Quando lessi Tutto quello che è un uomo di David Szalay ne uscii scosso ma confortato, esisteva uno scrittore capace di raccontare la quotidianità, le piccole cose del mondo, della vita di una persona riuscendo a restare "pancia a terra" ma mantenendo una letterarietà che lo ha portato, negli anni, a essere uno degli scrittori più apprezzati al mondo (e finire anche nel gruppo di lettura di una star mondiale come Dua Lipa, che lo ha intervistato per il suo podcast Service95). Da qualche settimana Adelphi ha pubblicato il nuovo Nella carne, un libro che riprende in parte la struttura di quel libro – ovvero procedendo per capitoli autonomi, con personaggi autonomi, benché raccontando la crescita di un uomo – ma lo fa seguendo la storia di István, seguendolo nella sua vita, dalla scoperta del sesso in adolescenza, fino al matrimonio, figli, tragedie, lo scorrere della vita, insomma. Szalay riesce a essere realista senza mai perdersi nel sensazionalismo, lasciando nel non detto tra i capitoli i grandi eventi – come la guerra in Iraq e il Covid – ma scrivendo delle conseguenze che questi hanno sulla vita quotidiana delle persone. Fatti che sembrano inconsistenti — e la costruzione dei dialoghi lo dimostra — ma che riempiono le nostre vite e quelle dei suoi personaggi.

Come sei arrivato alla struttura di libri come Tutto quello che è un uomo e Nella carne?

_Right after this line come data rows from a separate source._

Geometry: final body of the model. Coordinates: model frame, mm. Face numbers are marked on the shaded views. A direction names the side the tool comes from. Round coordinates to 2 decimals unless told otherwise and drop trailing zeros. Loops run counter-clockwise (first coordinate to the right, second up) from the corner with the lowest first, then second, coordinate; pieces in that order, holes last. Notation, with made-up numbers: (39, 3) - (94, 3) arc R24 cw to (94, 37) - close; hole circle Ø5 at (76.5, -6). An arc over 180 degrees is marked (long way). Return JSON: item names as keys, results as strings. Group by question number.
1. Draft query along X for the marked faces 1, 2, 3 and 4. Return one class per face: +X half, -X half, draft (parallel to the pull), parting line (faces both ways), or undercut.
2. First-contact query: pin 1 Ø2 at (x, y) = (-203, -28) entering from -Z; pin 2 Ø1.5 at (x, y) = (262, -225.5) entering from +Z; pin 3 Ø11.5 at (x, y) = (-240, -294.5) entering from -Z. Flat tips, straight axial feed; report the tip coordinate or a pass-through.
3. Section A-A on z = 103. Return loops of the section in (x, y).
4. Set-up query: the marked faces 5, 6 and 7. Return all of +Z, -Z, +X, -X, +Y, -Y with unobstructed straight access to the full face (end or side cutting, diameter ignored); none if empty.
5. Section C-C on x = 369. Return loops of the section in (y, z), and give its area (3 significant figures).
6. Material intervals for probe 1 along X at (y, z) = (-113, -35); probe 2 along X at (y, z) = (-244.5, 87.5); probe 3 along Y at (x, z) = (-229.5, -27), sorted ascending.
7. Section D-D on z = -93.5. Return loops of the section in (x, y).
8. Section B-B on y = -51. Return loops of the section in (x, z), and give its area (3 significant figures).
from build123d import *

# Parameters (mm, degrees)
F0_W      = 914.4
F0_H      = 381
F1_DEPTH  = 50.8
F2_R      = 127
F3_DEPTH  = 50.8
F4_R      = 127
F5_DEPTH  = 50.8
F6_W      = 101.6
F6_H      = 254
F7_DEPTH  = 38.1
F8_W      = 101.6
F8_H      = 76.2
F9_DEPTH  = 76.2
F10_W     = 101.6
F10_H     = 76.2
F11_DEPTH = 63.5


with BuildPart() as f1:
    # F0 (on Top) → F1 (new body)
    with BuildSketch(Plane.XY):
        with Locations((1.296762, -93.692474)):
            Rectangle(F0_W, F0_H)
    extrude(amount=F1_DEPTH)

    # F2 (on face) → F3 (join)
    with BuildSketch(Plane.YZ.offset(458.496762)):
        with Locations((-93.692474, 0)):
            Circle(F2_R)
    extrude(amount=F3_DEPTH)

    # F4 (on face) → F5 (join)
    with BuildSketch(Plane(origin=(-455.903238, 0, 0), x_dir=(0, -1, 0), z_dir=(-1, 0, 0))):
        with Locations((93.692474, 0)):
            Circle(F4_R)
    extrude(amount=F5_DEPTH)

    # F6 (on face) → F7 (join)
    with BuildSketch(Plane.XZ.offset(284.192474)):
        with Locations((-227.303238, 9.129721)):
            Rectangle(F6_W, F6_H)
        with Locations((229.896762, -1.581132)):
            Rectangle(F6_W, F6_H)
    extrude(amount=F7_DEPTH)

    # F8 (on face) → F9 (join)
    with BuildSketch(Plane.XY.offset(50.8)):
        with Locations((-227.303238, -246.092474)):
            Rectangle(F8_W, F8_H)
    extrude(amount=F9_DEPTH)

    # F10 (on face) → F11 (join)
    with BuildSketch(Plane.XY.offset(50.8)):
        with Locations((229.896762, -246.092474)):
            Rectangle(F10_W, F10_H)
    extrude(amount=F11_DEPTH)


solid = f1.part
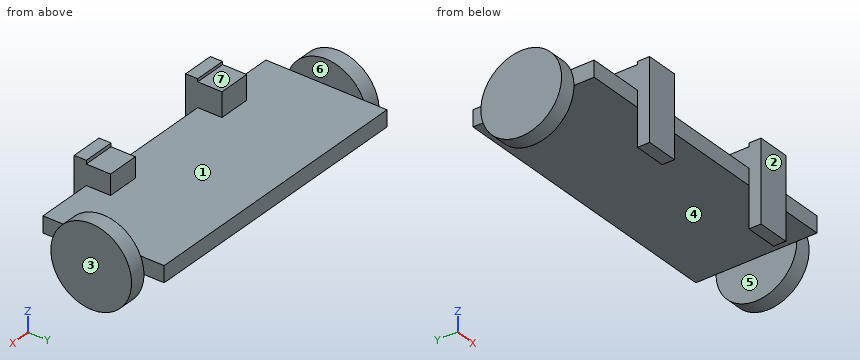
Taken from the geometry:
{
 "1": {"face 1": "undercut", "face 2": "draft", "face 3": "+X half", "face 4": "undercut"},
 "2": {"pin 1": "z = 0", "pin 2": "z = 114.3", "pin 3": "z = -117.87"},
 "3": {"outline": "(-506.7, -167.99) - (-455.9, -167.99) - (-455.9, -19.4) - (-506.7, -19.4) - close; (-278.1, -322.29) - (-176.5, -322.29) - (-176.5, -207.99) - (-278.1, -207.99) - close; (179.1, -322.29) - (280.7, -322.29) - (280.7, -207.99) - (179.1, -207.99) - close; (458.5, -167.99) - (509.3, -167.99) - (509.3, -19.4) - (458.5, -19.4) - close"},
 "4": {"face 5": "-Z, +Y, -Y", "face 6": "+Z, +Y, -Y", "face 7": "+Z, +X, -X, +Y"},
 "5": {"outline": "(-284.19, 0) - (96.81, 0) - (96.81, 50.8) - (-284.19, 50.8) - close", "area": "19,400 mm2"},
 "6": {"probe 1": "-506.7 to -455.9, 458.5 to 509.3", "probe 2": "-278.1 to -176.5, 179.1 to 280.7", "probe 3": "-322.29 to -284.19"},
 "7": {"outline": "(-506.7, -179.64) - (-455.9, -179.64) - (-455.9, -7.75) - (-506.7, -7.75) - close; (-278.1, -322.29) - (-176.5, -322.29) - (-176.5, -284.19) - (-278.1, -284.19) - close; (179.1, -322.29) - (280.7, -322.29) - (280.7, -284.19) - (179.1, -284.19) - close; (458.5, -179.64) - (509.3, -179.64) - (509.3, -7.75) - (458.5, -7.75) - close"},
 "8": {"outline": "(-506.7, -119.61) - (-455.9, -119.61) - (-455.9, 0) - (458.5, 0) - (458.5, -119.61) - (509.3, -119.61) - (509.3, 119.61) - (458.5, 119.61) - (458.5, 50.8) - (-455.9, 50.8) - (-455.9, 119.61) - (-506.7, 119.61) - close", "area": "70,800 mm2"}
}

Ovviamente Tutto quello che è un uomo è una raccolta di nove diverse narrazioni. Ci sono arrivato scrivendo un pezzo lungo circa 10-15.000 parole — la lunghezza della maggior parte dei racconti — e mi piaceva molto scrivere testi di quella misura: hanno una struttura autonoma, qualcosa a metà strada tra un racconto e un romanzo breve. Così ho deciso di scrivere un intero libro composto da pezzi di quella lunghezza, ma con una struttura che li collegasse tutti insieme. Con Nella carne è stato un po’ diverso, perché è un romanzo più tradizionale. Tuttavia, forse perché ero abituato a scrivere in quella forma, ogni capitolo è ancora piuttosto autonomo. Direi che c’è una certa affinità strutturale tra Nella carne e Tutto quello che è un uomo: ogni capitolo è quasi un'unità a sé, anche se fa parte di una storia più ampia. Ogni capitolo rappresenta una nuova partenza, l’inizio di una nuova storia, spesso separata di anni dai capitoli precedenti.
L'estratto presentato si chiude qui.